How to Buy Bonds in India: A Guide for Retail Investors
Investing wisely is key to financial growth. Many Indians focus on stocks or fixed deposits. However, bonds offer another strong option. They provide steady, predictable income. Bonds typically carry lower risk than stocks. They diversify your investment portfolio. Understanding how to buy them is important. Retail investors now have many avenues. You can choose a method that suits you.
Here are the main ways for retail investors to buy bonds in India:
1. RBI Retail Direct Scheme
The Reserve Bank of India (RBI) launched this scheme. It allows direct bond investment. Retail investors can access government securities (G-Secs). This includes Treasury Bills and Dated G-Secs. It also covers Sovereign Gold Bonds (SGBs). You avoid intermediaries entirely.
How it works:
- Open an RDG Account: You open a “Retail Direct Gilt” (RDG) account. This is free of cost with the RBI. You complete KYC formalities online. Link your savings bank account.
- Place Bids: You can participate in primary auctions. RBI conducts these for new G-Secs. The platform shows upcoming auctions. You place your bid directly. You can also buy/sell in the secondary market. Use the Negotiated Dealing System – Order Matching (NDS-OM) platform.

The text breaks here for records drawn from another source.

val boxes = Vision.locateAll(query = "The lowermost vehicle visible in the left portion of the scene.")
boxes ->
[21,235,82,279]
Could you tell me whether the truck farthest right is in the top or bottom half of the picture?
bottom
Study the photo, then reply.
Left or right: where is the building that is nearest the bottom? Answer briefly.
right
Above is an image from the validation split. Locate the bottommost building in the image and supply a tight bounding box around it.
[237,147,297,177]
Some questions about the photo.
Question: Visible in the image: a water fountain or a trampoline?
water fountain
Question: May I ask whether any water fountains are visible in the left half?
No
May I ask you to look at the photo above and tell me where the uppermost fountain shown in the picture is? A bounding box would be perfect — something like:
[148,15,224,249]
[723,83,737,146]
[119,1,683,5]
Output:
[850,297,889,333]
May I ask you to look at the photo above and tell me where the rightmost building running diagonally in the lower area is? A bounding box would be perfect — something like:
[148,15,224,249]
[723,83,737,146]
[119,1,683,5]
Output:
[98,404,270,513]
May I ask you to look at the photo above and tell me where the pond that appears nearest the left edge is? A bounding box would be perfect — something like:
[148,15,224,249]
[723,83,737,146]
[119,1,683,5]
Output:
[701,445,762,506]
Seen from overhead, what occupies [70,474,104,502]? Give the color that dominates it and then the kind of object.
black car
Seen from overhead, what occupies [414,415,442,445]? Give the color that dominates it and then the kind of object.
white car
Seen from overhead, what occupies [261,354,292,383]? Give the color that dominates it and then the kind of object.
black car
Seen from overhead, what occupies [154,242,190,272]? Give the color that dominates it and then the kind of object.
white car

- Payment & Holding: Make payments via net banking or UPI. The bonds credit to your RDG account. They appear in electronic form. RBI manages all interest payments. They also handle maturity proceeds. These amounts directly credit your linked bank account.

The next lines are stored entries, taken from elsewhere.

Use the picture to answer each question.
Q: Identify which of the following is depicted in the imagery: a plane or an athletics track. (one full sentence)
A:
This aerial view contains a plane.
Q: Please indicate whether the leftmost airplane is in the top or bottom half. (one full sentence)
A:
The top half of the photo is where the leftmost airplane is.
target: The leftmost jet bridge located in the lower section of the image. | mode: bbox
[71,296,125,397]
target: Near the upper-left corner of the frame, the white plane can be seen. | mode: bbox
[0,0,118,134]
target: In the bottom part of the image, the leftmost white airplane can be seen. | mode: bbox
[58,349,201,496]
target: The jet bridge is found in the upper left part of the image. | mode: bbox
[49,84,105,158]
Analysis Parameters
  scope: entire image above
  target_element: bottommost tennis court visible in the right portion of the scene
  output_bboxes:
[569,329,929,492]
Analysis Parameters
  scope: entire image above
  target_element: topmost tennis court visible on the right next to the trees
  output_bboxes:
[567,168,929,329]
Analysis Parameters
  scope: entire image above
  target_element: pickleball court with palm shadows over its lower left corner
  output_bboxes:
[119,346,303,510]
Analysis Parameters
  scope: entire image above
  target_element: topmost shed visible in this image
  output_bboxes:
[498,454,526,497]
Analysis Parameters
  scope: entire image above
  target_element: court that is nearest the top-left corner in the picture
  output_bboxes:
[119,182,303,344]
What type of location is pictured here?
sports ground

- Pros: It offers direct access to government bonds. You pay no brokerage fees. It provides a highly secure investment. Transparency is very high. Minimum investment is low, starting from Rs 10,000.
- Cons: It focuses only on government securities. You cannot buy corporate bonds here. The secondary market liquidity for some G-Secs might be lower.
2. Through Brokers
Many brokerage firms facilitate bond transactions. They connect buyers with sellers. These firms offer access to various bond types. You can buy both government and corporate bonds.
How it works:
- Open Accounts: You need a demat account. You also need a trading account. Most stockbrokers offer these accounts. Some provide a convenient 3-in-1 account. This combines banking, demat, and trading.
- Place Orders: You log into your broker’s platform. This can be a website or app. You search for available bonds. Brokers often list corporate bonds. They also list some government bonds. You select the bond and place an order.
- Settlement: The broker executes your trade. Bonds credit to your demat account. This usually takes T+1 or T+2 days. All payments go through your linked bank account.
- Pros: You get access to a wide range of bonds. This includes corporate bonds. Many brokers offer research and insights. They simplify the buying process. You trade through a familiar platform.
- Cons: You pay brokerage fees on transactions. These charges vary by broker. Some bonds may have lower liquidity. This makes selling difficult. You must rely on the broker’s platform.
3. On Stock Exchanges (NSE & BSE)
Major stock exchanges list various bonds. The National Stock Exchange (NSE) and Bombay Stock Exchange (BSE) are key. They have dedicated debt segments. Here, bonds trade like stocks.
How it works:
- Broker Access: You must have a trading account. This account links with an exchange member broker. You cannot trade directly on exchanges.
- Trading Platform: You use your broker’s trading platform. You find listed bonds there. This includes G-Secs, SDLs, and corporate bonds. Many PSU and tax-free bonds also list here.
- Order Placement: You place buy orders for chosen bonds. The exchange matches your order. Trading happens in real-time. Prices are transparent.
- Demat Account: The bonds credit to your demat account. This occurs after successful settlement.
- Pros: It offers high liquidity for listed bonds. Transparency in pricing is excellent. You can easily buy and sell. It provides a regulated trading environment. You get real-time price updates.
- Cons: You still need a broker account. Brokerage fees apply. Some bonds might have low trading volumes. This can affect quick selling. The minimum investment for some bonds can be higher.
4. Online Bond Platforms / Fintech Platforms
Several specialized online platforms exist now. These fintech companies focus on bonds. They simplify bond investment. They offer curated bond inventories.
How it works:
- Platform Registration: You register on the platform. Complete their KYC process. Link your bank and demat accounts.
- Explore and Select: These platforms offer user-friendly interfaces. They list various bonds. You can filter by rating, yield, and maturity. Many provide detailed bond information.
- Purchase: You select your bond. Place a buy order. The platform facilitates the transaction. They often act as an Online Bond Providing Platform (OBPP).
- Demat Credit: Bonds credit directly to your demat account.
- Pros: They provide easy access to many bond types. User interfaces are often intuitive. You get curated selections. Some offer detailed analysis. They may have lower minimum investment amounts.
- Cons: These platforms are relatively new. You need to verify their credibility. Ensure they are SEBI-registered. Liquidity can vary for specific bonds.
Choosing the right method depends on your needs. Consider the bond type you want. Think about convenience and cost. Evaluate your comfort with technology. Each path offers unique benefits for retail investors.